◆ TASK TO CARRY OUT
Set down again exactly the lines of the listing below that fall between the line holding "#38 cardboard box <box>676,195,711,270</box>" and the line holding "#44 aisle sign <box>1337,0,1465,96</box>", inclusive.

◆ DATA EXCERPTS
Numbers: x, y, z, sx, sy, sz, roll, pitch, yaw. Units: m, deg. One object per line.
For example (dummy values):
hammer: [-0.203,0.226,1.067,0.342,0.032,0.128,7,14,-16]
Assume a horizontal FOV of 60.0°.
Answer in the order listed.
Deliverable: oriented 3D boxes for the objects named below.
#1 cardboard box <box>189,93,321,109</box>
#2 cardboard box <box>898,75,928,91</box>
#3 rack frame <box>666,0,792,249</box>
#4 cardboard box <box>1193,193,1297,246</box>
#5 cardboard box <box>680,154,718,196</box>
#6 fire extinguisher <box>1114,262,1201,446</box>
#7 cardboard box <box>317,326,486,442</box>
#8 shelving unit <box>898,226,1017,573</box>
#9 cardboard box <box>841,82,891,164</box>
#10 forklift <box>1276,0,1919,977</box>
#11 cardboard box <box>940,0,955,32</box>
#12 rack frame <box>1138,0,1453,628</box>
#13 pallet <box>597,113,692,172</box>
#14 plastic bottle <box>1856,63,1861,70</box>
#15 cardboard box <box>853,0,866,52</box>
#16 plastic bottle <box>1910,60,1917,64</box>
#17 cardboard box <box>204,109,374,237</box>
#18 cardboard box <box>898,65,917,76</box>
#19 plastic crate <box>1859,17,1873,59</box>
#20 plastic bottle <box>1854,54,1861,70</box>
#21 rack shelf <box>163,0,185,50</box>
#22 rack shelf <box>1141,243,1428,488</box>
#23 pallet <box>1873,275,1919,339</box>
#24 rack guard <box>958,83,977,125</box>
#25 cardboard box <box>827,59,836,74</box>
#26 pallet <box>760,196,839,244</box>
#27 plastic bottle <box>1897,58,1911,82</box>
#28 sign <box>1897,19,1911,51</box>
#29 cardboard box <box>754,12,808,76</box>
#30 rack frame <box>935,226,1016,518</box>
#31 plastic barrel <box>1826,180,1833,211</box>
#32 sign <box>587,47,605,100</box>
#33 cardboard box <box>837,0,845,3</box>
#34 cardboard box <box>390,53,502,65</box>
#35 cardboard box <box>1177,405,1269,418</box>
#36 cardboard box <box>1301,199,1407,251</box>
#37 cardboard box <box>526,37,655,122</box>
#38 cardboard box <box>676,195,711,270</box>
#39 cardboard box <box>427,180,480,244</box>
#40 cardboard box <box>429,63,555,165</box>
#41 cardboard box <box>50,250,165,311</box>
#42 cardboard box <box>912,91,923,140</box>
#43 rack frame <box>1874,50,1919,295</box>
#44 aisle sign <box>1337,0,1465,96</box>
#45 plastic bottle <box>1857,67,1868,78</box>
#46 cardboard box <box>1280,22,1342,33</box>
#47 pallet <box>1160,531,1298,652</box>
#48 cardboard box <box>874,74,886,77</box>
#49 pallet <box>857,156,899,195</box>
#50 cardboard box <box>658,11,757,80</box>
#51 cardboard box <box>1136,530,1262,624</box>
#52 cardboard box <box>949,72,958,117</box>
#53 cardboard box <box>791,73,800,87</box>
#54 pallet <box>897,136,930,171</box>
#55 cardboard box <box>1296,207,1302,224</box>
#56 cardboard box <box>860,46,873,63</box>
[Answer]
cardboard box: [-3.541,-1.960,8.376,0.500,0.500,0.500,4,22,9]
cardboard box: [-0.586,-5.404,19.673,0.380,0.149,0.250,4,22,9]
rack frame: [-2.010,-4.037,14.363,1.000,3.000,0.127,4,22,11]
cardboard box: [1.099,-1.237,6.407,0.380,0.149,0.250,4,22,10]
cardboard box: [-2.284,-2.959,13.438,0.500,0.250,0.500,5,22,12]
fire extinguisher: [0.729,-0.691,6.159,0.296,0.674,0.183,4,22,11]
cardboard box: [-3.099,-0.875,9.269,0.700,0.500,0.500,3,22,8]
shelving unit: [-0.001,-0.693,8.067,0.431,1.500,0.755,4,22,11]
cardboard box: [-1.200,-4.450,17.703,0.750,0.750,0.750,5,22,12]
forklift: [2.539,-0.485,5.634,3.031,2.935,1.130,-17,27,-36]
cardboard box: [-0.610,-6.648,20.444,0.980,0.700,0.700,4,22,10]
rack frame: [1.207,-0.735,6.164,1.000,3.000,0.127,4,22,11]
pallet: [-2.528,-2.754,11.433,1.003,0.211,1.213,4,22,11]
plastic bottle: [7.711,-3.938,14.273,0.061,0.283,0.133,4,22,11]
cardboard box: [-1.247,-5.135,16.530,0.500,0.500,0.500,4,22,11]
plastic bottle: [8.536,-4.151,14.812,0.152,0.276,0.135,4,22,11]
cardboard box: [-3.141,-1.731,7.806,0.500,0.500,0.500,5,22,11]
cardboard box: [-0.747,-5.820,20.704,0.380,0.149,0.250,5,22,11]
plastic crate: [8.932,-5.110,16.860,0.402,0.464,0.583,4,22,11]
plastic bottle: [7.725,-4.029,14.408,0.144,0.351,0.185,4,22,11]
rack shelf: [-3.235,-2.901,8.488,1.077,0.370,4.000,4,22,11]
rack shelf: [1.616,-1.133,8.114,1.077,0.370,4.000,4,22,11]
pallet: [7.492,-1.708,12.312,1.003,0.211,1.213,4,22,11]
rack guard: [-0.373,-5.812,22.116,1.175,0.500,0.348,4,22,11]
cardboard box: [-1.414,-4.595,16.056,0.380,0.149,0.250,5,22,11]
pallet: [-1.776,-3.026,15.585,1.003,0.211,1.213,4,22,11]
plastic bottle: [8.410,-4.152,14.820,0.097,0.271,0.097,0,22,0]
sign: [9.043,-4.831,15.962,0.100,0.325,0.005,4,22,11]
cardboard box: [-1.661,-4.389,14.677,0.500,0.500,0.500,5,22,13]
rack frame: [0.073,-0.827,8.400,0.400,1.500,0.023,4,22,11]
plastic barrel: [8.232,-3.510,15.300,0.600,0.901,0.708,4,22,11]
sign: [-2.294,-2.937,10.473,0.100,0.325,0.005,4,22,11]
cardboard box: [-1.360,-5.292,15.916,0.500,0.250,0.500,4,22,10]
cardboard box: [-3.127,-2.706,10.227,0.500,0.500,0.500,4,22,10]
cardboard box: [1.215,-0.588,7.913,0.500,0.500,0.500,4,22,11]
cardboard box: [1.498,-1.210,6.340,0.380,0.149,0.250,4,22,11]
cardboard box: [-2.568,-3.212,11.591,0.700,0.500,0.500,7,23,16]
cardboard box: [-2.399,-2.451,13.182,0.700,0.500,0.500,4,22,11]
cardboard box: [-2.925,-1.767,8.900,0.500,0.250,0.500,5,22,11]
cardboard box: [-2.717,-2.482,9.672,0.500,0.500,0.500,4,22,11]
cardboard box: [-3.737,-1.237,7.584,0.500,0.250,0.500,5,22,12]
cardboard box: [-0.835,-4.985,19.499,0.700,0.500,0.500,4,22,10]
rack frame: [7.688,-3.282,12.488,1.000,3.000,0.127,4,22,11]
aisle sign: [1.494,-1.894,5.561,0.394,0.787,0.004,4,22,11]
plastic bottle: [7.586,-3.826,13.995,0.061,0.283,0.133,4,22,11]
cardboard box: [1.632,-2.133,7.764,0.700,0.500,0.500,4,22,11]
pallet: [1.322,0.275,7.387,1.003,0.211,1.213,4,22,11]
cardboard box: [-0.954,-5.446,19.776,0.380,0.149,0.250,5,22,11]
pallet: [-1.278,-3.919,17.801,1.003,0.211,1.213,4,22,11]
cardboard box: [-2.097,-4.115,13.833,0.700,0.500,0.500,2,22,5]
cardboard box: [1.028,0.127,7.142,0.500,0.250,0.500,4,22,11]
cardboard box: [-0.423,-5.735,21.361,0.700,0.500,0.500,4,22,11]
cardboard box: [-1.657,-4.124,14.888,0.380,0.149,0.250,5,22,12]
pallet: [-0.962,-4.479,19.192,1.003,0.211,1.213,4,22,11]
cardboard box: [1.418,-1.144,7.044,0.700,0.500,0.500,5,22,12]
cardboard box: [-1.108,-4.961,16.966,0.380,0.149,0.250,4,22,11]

◆ EXERCISE SOLUTION
#38 cardboard box <box>676,195,711,270</box>
#39 cardboard box <box>427,180,480,244</box>
#40 cardboard box <box>429,63,555,165</box>
#41 cardboard box <box>50,250,165,311</box>
#42 cardboard box <box>912,91,923,140</box>
#43 rack frame <box>1874,50,1919,295</box>
#44 aisle sign <box>1337,0,1465,96</box>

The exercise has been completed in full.